Indomptable électricien - FREDRICK NEWTON GISBORNE

FREDRICK NEWTON GISBORNE

Section 41, Lot 107 E 

Né en Angleterre en 1824. Il quitte l'Angleterre en 1842 pour un voyage autour du monde, pour finalement s'installer au Canada en 1845.

M. Gisborne vient au Canada en 1845 où il devient opérateur en chef du Montréal Telegraph Company. Plus tard il est directeur général de la British North America Electric Telegraph Association, formée en 1847 pour relier les provinces maritimes au HautCanada et Bas-Canada.

En 1852 il étend le premier câble télégraphique océanique en Amérique du Nord, reliant l’île du Prince Édouard au Nouveau-Brunswick. Il est le créateur et le promoteur d’un câble submersible entre Terre-Neuve et l'Irlande.

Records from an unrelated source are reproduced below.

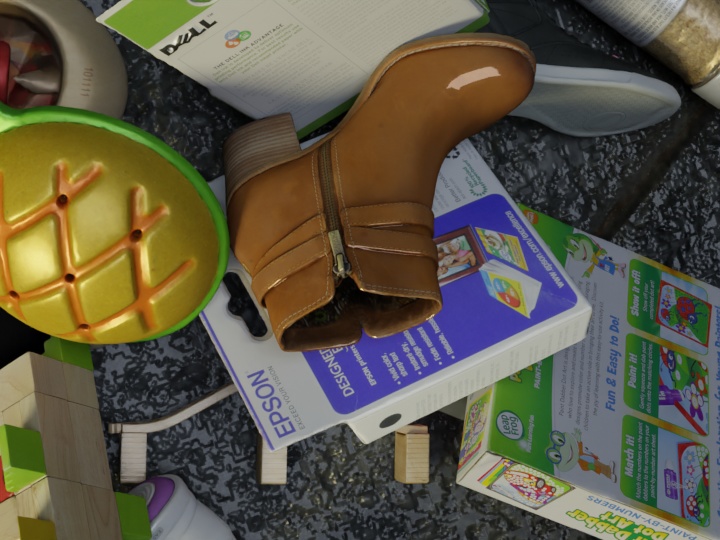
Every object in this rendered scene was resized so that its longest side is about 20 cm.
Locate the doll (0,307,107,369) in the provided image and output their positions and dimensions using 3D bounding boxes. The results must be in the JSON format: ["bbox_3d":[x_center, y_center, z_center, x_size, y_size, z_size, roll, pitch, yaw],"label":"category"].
[{"bbox_3d":[-0.238,0.020,0.788,0.199,0.048,0.137,5,108,-15],"label":"doll"}]

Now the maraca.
[{"bbox_3d":[-0.167,-0.031,0.727,0.200,0.107,0.137,25,115,-14],"label":"maraca"}]

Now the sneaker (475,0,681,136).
[{"bbox_3d":[0.120,-0.147,0.868,0.200,0.071,0.099,5,64,-28],"label":"sneaker"}]

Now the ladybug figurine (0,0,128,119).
[{"bbox_3d":[-0.237,-0.112,0.784,0.199,0.072,0.136,9,87,-13],"label":"ladybug figurine"}]

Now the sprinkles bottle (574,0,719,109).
[{"bbox_3d":[0.181,-0.187,0.883,0.200,0.068,0.068,34,81,-10],"label":"sprinkles bottle"}]

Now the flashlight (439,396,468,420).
[{"bbox_3d":[0.064,0.076,0.852,0.200,0.068,0.068,22,126,-8],"label":"flashlight"}]

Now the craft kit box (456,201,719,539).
[{"bbox_3d":[0.164,0.074,0.829,0.197,0.049,0.200,25,47,-12],"label":"craft kit box"}]

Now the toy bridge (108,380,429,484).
[{"bbox_3d":[-0.056,0.099,0.841,0.199,0.027,0.067,2,87,-13],"label":"toy bridge"}]

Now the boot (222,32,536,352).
[{"bbox_3d":[0.022,-0.045,0.747,0.200,0.077,0.155,-17,48,-2],"label":"boot"}]

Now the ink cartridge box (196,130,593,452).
[{"bbox_3d":[0.000,0.000,0.795,0.200,0.043,0.198,-22,54,-13],"label":"ink cartridge box"}]

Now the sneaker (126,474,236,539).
[{"bbox_3d":[-0.147,0.220,0.793,0.200,0.075,0.100,-47,116,-2],"label":"sneaker"}]

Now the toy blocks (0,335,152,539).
[{"bbox_3d":[-0.202,0.145,0.752,0.137,0.100,0.200,-30,59,24],"label":"toy blocks"}]

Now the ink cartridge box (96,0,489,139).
[{"bbox_3d":[-0.038,-0.163,0.739,0.148,0.200,0.076,-30,65,18],"label":"ink cartridge box"}]

Dès 1840, Samuel F. B. Morse a proclamé sa foi dans l'idée d'une ligne sous-marine à travers l'océan Atlantique. En 1850, un câble était installé entre l'Angleterre et la France. Cette année-là, l'évêque John T. Mullock, chef de l'Église catholique de Terre-Neuve, a proposé une ligne télégraphique à travers la forêt de St. John's à Cape Ray et des câbles à travers le golfe du Saint-Laurent de Cape Ray à la Nouvelle-Écosse à travers le détroit de Cabot.

À peu près à la même époque, Frederic Newton Gisborne, un ingénieur télégraphiste en Nouvelle-Écosse, a eu un plan similaire. Au printemps de 1851, il obtint une subvention de la législature de Terre-Neuve et, après avoir formé une entreprise, commença à construire la ligne terrestre. En 1853, sa société fait faillite, il est arrêté pour dettes et perd tout.

En 1854, l'homme d'affaires et financier Cyrus West Field invita Gisborne chez lui pour discuter du projet. De son visiteur, Field a envisagé l'idée que le câble vers Terre-Neuve pourrait être prolongé à travers l'océan Atlantique.

Field ignorait les câbles sous-marins et la mer profonde. Il consulta Morse et le lieutenant Matthew Maury, une autorité en océanographie. Les cartes que Maury a construites à partir des sondages dans les journaux de bord de plusieurs navires ont indiqué qu'il y avait une route praticable à travers l'Atlantique. Il semblait si idéal pour la pose de câbles que Maury l'a nommé Telegraph Plateau. Les cartes de Maury indiquaient également qu'une route directement vers les États-Unis était trop accidentée pour être tenable et considérablement plus longue. Field a adopté le plan de Gisborne comme étape préliminaire à la plus grande entreprise et a encouragé la New York, Newfoundland and London Telegraph Company à établir une ligne télégraphique entre l'Amérique et l'Europe.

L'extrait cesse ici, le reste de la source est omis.